▶ Data provided:
== == ==

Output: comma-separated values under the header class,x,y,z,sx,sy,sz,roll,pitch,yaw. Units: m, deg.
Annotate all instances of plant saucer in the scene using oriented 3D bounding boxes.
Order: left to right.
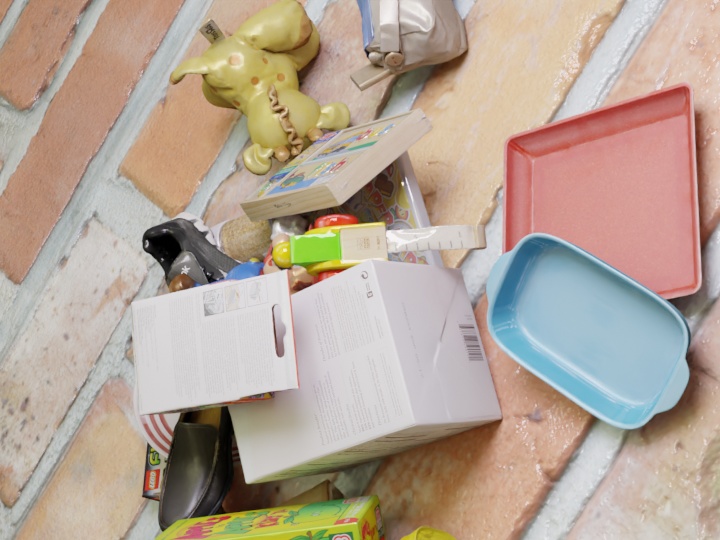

== == ==

▶ Exercise brief:
Before copying the data, remove the pictures. Then repeat the rest exactly.

▶ Answer to this exercise:
Output: comma-separated values under the header class,x,y,z,sx,sy,sz,roll,pitch,yaw. Units: m, deg.
Annotate all instances of plant saucer in the scene using oriented 3D bounding boxes.
Order: left to right.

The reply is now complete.